Solomon Witherspoon Ten17: Kingdom

Paul Whyte


Over the last few years I’ve noticed the act “1017” performing at various shows, most of which were hip-hop performances. I was intrigued when I found the new album by Ten17 featuring Solomon Witherspoon on my desk because I really didn’t know what to expect.  

I’ll say I’ve heard a lot of genres out of the area but I’ve yet to really see someone take a crack at an honest to goodness contemporary style R&B/Soul album. Although it seems that there’s plenty of this style of music on top 40 pop stations, it seems kind of rare up here where alt-country and similar styles reign supreme. In this sense “Kingdom” is a refreshing experience of local music and as far as this genre goes, it’s as good, if not better, than a lot of the big acts that get played every hour on the mainstream stations.

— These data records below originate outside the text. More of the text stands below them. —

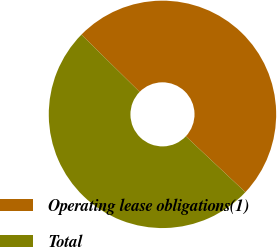<chart> <loc_0><loc_0><loc_500><loc_500><pie_chart><fcel>Operating lease obligations(1)<fcel>Total<nl><fcel>49.63%<fcel>50.37%<nl></chart> 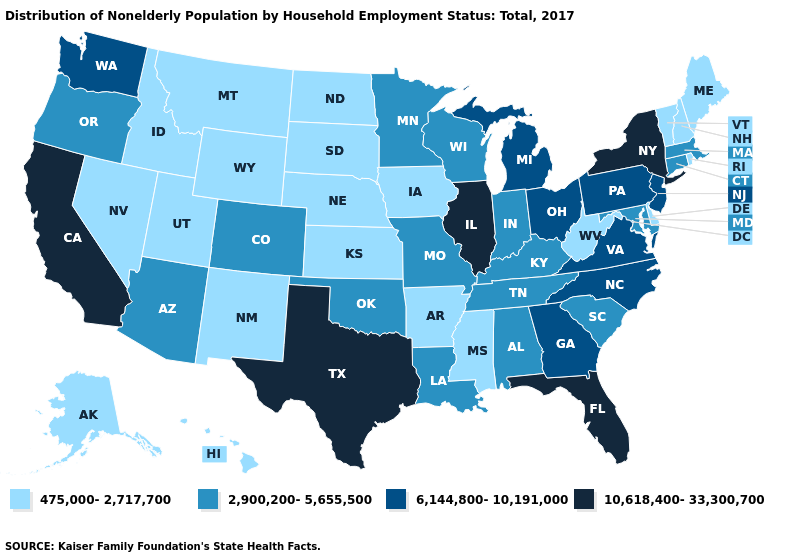Which states hav the highest value in the South?
Write a very short answer. Florida, Texas. Does Minnesota have the lowest value in the USA?
Short answer required. No. What is the highest value in the USA?
Give a very brief answer. 10,618,400-33,300,700. Does Maryland have the highest value in the USA?
Concise answer only. No. What is the value of Massachusetts?
Write a very short answer. 2,900,200-5,655,500. Does Iowa have the lowest value in the MidWest?
Concise answer only. Yes. Does the first symbol in the legend represent the smallest category?
Quick response, please. Yes. What is the value of Washington?
Short answer required. 6,144,800-10,191,000. Which states have the highest value in the USA?
Be succinct. California, Florida, Illinois, New York, Texas. Does Kansas have the lowest value in the USA?
Keep it brief. Yes. Name the states that have a value in the range 6,144,800-10,191,000?
Quick response, please. Georgia, Michigan, New Jersey, North Carolina, Ohio, Pennsylvania, Virginia, Washington. What is the highest value in the MidWest ?
Keep it brief. 10,618,400-33,300,700. Does the map have missing data?
Concise answer only. No. How many symbols are there in the legend?
Be succinct. 4. Name the states that have a value in the range 6,144,800-10,191,000?
Concise answer only. Georgia, Michigan, New Jersey, North Carolina, Ohio, Pennsylvania, Virginia, Washington.

The first track is titled “Say Yes,” the first thing that popped into my mind when looking at the title was that it was odd to pull out an Elliot Smith song right off the bat. Upon listening to the track, I discovered that this was an original track written by Witherspoon, Michael Bland, Ryan Liestman and Tony Yalda. These men helped out on all of the tracks with the exception of track three, “Dance Floor,” which was co-wrote with Kip Blackshire. It should be noted that none of these co-writers are credited for playing any instruments on the CD but they are credited for producing and engineering the album.

All of the songs on the album are indeed almost perfectly formulated to represent everything you’d expect from an R&B CD. The keys, light guitar, bass line and smooth backing vocals hold right where they should be behind Witherspoon’s clear voice. Indeed all of the tracks are catchy in this way.

With the next track, “I’ll be with you,” this close adherence to what you’d expect becomes even more apparent. What gets me on this track is that there is this soft and cool, kind of whispered, voice that repeats the last word or two sang by Witherspoon of almost each line of verse. “Made my way through my frontdoor *frontdoor* Down the stairs it felt so cold *so cold*,” goes a line of the verse. There’s nothing particularly wrong with this, it is a pop/R&B song, but after the soft voice repeats so many things, it started to seem a little unnecessary. On the other hand, upon listening to this album a few times, I tried to get myself in the right mindset, take it for what it is, and started to enjoy the groove of this song and the entire album.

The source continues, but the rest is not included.